Filed under: Uncategorized — thirdxlucky @ 11:28 am

I’m leaving on a roadtrip with W tomorrow(!!), so I’ll be out of the blogosphere for another two weeks or so.

Erk.

Also, I should really really really be asleep right now.

And I haven’t packed yet.

Erk.(!!)

RANT!

Filed under: Uncategorized — thirdxlucky @ 10:54 am

In response to a post in which I said nothing specific about my personal relationships but expressed joy over seeing a positive article about polyamory in a mainstream news-source, someone just posted the following comment on my LiveJournal:

Most of the polyamorous people I’ve met are compulsive liars, greedy, incredibly attention-seeking, and very, very sexually promiscuous. If this had been maybe one or two people, I’d shrugged it off, but I’ve got eight friends that I’m fairly well-acquainted with who claim to be bisexual and polyamorous. They’ve given me some pretty negative views considering they’re all irresponsible and selfish in their relationships. It’s all about instant emotional gratification, and eventually physical.

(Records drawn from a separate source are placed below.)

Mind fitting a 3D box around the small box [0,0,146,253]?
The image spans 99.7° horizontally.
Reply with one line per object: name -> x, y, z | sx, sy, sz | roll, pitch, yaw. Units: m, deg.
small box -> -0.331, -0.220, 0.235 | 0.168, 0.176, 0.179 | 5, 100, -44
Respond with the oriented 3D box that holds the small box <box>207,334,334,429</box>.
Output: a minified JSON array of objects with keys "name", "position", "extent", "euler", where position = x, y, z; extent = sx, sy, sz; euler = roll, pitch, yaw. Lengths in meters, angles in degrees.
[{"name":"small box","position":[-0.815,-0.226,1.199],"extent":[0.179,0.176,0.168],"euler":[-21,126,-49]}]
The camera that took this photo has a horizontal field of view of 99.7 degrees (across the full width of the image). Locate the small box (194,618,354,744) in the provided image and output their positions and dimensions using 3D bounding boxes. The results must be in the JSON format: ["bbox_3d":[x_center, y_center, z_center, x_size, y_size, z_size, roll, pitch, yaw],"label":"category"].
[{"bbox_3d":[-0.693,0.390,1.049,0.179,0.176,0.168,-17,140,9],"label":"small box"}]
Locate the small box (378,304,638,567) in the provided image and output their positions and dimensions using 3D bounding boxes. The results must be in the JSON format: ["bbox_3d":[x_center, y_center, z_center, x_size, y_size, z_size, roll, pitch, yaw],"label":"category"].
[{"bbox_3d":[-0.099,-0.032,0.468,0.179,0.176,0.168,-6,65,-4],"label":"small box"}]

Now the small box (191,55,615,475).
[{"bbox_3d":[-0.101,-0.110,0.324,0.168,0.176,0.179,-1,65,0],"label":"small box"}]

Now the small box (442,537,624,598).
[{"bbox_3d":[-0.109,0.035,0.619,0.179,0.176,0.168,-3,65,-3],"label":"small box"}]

I just don’t approve of the quality of people I’ve met thus far living the lifestyle. I can see how it’d work, but with the immaturity and selfishness of the polyamorous I’ve met thus far, the community is just a big fucking joke to me.

What the fuck? Seriously?

I didn’t even know what to say. I settled on “Why did you feel it was appropriate to post a comment like this here?” and left it at that – but I really had to fight down the bile in my throat impulse to get seriously defensive and start trying to refute her insults point-by-point and telling her why her logic was broken and she was an asshole…but I know there’s no point. This person is clearly just spewing hate. And, honestly, even if she weren’t I am fucking sick of trying to be the shining counter-example for everyone’s assbackwards stereotypes about polyfolk.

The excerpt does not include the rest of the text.